RE-Bench (short for Research Engineering Benchmark) is a benchmark for evaluating the frontier AI research-and-development capabilities of large language model agents, developed by the nonprofit METR (Model Evaluation and Threat Research). It measures how well AI agents perform on open-ended machine-learning research-engineering tasks and compares their performance directly against human experts working under matched time budgets [1][2]. RE-Bench is unusual among AI evaluations in pairing a suite of realistic, hand-built engineering environments with a large dataset of human-expert attempts, allowing a like-for-like comparison rather than a purely automated score [1]. The benchmark was introduced in a November 2024 paper led by Hjalmar Wijk and 22 coauthors, later published as a spotlight at the International Conference on Machine Learning (ICML) 2025 [1][3].

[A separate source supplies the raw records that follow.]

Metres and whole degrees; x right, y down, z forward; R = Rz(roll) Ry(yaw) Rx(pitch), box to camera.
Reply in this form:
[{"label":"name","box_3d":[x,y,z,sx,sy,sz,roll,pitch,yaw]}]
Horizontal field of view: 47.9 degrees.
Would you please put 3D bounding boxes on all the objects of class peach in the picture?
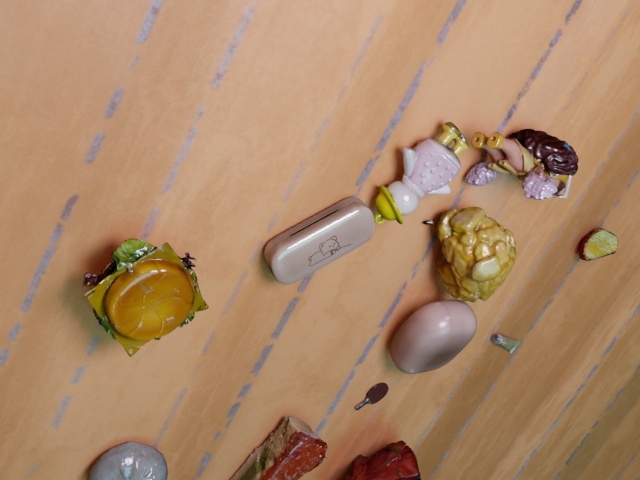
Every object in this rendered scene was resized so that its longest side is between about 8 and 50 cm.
[{"label":"peach","box_3d":[0.601,0.014,1.575,0.077,0.050,0.083,32,91,-18]}]

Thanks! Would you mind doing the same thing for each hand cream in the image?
[{"label":"hand cream","box_3d":[0.419,0.232,1.635,0.102,0.022,0.035,25,105,-45]}]

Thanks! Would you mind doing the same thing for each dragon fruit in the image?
[{"label":"dragon fruit","box_3d":[0.115,0.534,1.587,0.204,0.152,0.317,-10,136,-1]}]

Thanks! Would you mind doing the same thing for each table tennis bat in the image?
[{"label":"table tennis bat","box_3d":[0.108,0.330,1.520,0.083,0.007,0.050,-34,132,-10]}]

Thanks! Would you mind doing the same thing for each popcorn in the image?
[{"label":"popcorn","box_3d":[0.291,0.027,1.326,0.140,0.163,0.194,-30,126,-23]}]

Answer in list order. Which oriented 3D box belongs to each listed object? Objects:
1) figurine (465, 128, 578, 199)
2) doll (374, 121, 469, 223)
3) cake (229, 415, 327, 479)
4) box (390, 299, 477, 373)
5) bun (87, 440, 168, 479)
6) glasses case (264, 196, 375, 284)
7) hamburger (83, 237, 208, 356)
[{"label":"figurine","box_3d":[0.359,-0.139,1.267,0.240,0.174,0.116,0,104,-38]},{"label":"doll","box_3d":[0.166,-0.104,1.215,0.207,0.081,0.129,-46,124,6]},{"label":"cake","box_3d":[-0.080,0.452,1.435,0.116,0.086,0.220,28,102,-38]},{"label":"box","box_3d":[0.219,0.189,1.410,0.145,0.088,0.200,-4,144,-28]},{"label":"bun","box_3d":[-0.335,0.424,1.265,0.140,0.083,0.141,-14,128,-19]},{"label":"glasses case","box_3d":[0.000,0.000,1.204,0.196,0.050,0.083,-30,133,-11]},{"label":"hamburger","box_3d":[-0.261,0.072,1.066,0.164,0.093,0.190,-23,131,-19]}]
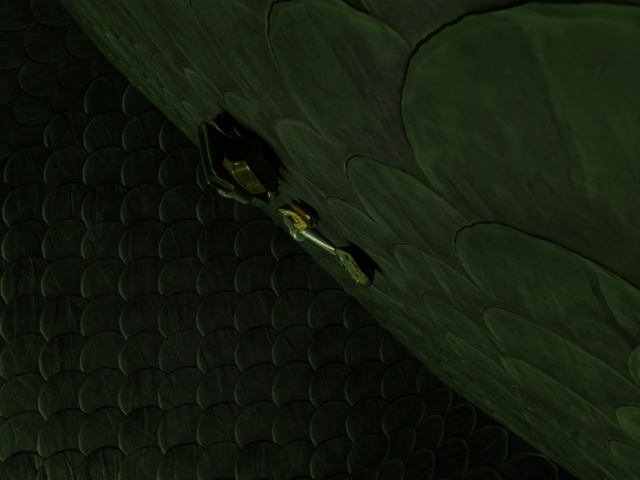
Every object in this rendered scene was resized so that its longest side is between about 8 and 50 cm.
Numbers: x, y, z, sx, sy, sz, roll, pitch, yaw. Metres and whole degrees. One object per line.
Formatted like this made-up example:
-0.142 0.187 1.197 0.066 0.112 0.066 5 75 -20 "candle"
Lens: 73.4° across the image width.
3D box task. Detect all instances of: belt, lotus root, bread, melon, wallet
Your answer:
-0.361 -0.421 1.622 0.071 0.053 0.232 45 174 0 "belt"
0.145 0.088 1.681 0.204 0.078 0.183 27 150 57 "lotus root"
-0.071 -0.119 1.769 0.136 0.054 0.154 41 168 16 "bread"
-0.098 -0.114 1.925 0.128 0.079 0.160 6 144 50 "melon"
-0.313 -0.260 1.593 0.360 0.083 0.251 27 -135 -60 "wallet"

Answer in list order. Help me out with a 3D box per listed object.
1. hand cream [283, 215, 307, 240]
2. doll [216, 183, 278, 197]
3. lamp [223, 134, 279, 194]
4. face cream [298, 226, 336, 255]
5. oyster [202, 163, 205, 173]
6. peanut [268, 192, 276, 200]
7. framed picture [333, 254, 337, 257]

RE-Bench version 1 consists of seven challenging, open-ended ML research-engineering environments together with data from 71 eight-hour attempts by 61 distinct human experts [1]. Each environment presents an agent (or a human) with a concrete engineering goal, a basic starting solution, and a scoring function that can be evaluated repeatedly during a run. The benchmark is designed so that progress is measurable on a continuous scale rather than as a single pass or fail, which makes it possible to track partial credit and to compare how scores improve as more time is spent [1][2].
The headline finding is that the strongest AI agents tested achieved a score roughly four times higher than human experts when both were limited to a two-hour total time budget per environment, but that humans showed better returns to additional time: they narrowly exceeded the top AI agent at an eight-hour budget and reached about twice the top agent's score at a 32-hour budget [1]. METR frames this contrast as evidence that current frontier models are fast and capable on short, well-specified engineering problems but still fall behind skilled humans on the kind of sustained, iterative work that characterizes real research [2].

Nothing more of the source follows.